FTC cracks down on robocall provider

FTC Cracks Down on Robocall Provider

The Federal Trade Commission (FTC) has made a significant move in its ongoing battle against illegal robocalls. In a landmark decision, the FTC has imposed a hefty $10 million penalty on XCast Labs, a voice-over-internet protocol (VoIP) service provider, for its role in facilitating hundreds of millions of illegal robocalls. This development marks an important step in the fight against this persistent and invasive issue.

The FTC’s Stance Against Illegal Robocalls

Do not call warningA Firm Warning Ignored

Since 2020, the FTC had issued multiple warnings to XCast Labs to cease the illegal activities on its network according to a report by Cord Cutters.

Despite these warnings, the company continued to host illegal transmissions, many of which were part of organized campaigns impersonating officials from the Social Security Administration.

Samuel Levine, director of the FTC’s Bureau of Consumer Protection, stated, “XCast was warned several times that illegal robocallers were using its services and did nothing.

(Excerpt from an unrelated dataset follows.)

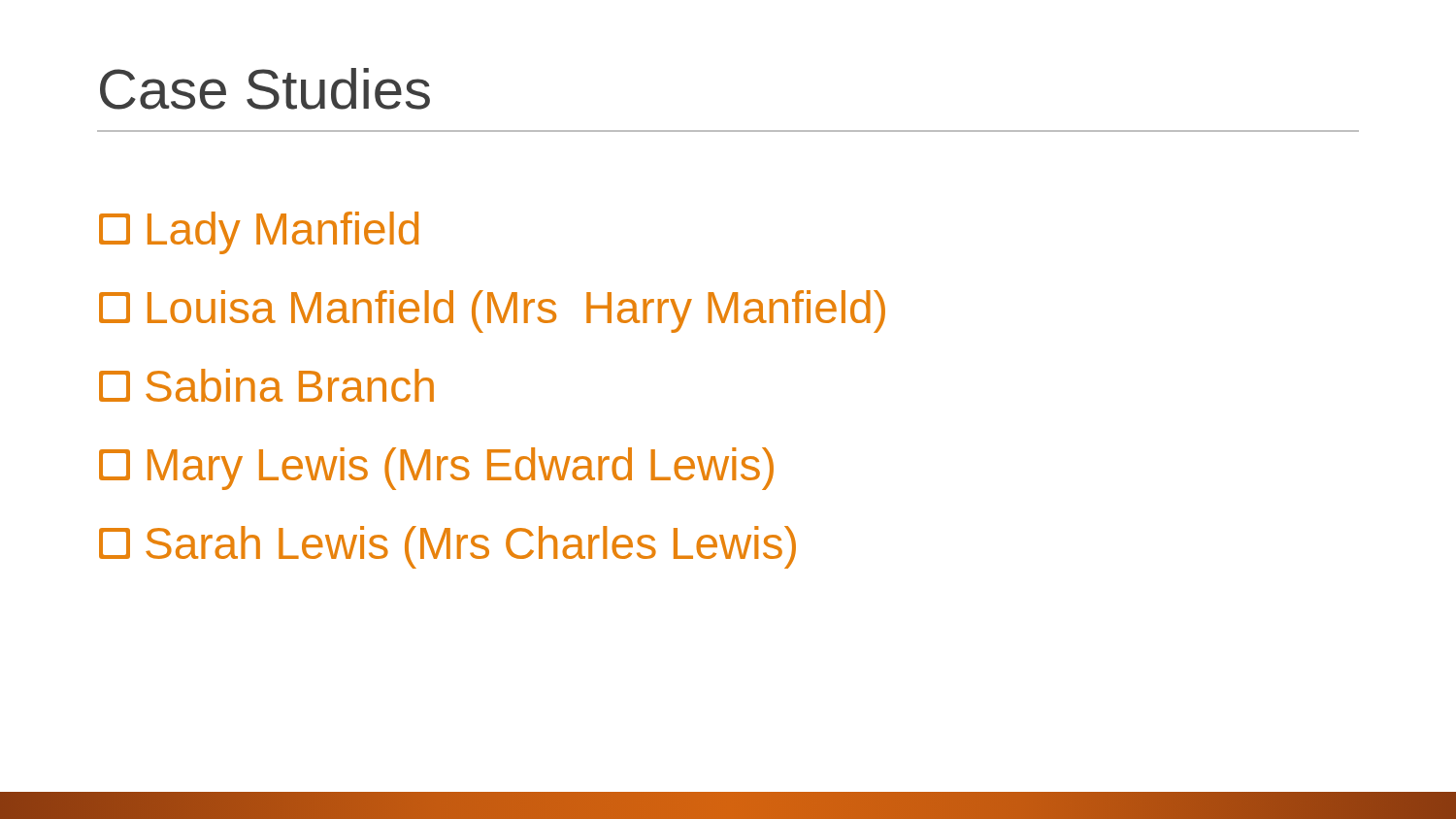Click on the list item that reads "Sarah Lewis (Mrs Charles Lewis)"
This screenshot has height=819, width=1456.
[448, 543]

Companies that turn a blind eye to illegal robocalling should expect to hear from the FTC.”

 

robocall response from the Federal level in WashingtonThe Robocall Response Team: A United Front Against Telecommunication Fraud

In a period where robocalls and robotexts have become a pervasive nuisance, significantly disrupting the daily lives of millions, the Federal Trade Commission (FTC) has taken a robust and proactive stance.

Recognizing the urgency of the situation, the FTC, in a strategic collaboration with the Federal Communications Commission (FCC), inaugurated the Robocall Response Team. This specialized task force represents a concerted effort to combat the relentless tide of unsolicited and often fraudulent communications that plague consumers.

The Robocall Response Team is not just a symbolic gesture but a functional and dynamic entity equipped with advanced tools and resources. It operates on the cutting edge of technology and regulatory strategies, aiming to outmaneuver and dismantle the sophisticated networks behind these illegal calls and texts. The team’s approach is multifaceted, involving rigorous investigation, enforcement of existing telecommunications laws, and the development of new policies to close loopholes exploited by robocallers.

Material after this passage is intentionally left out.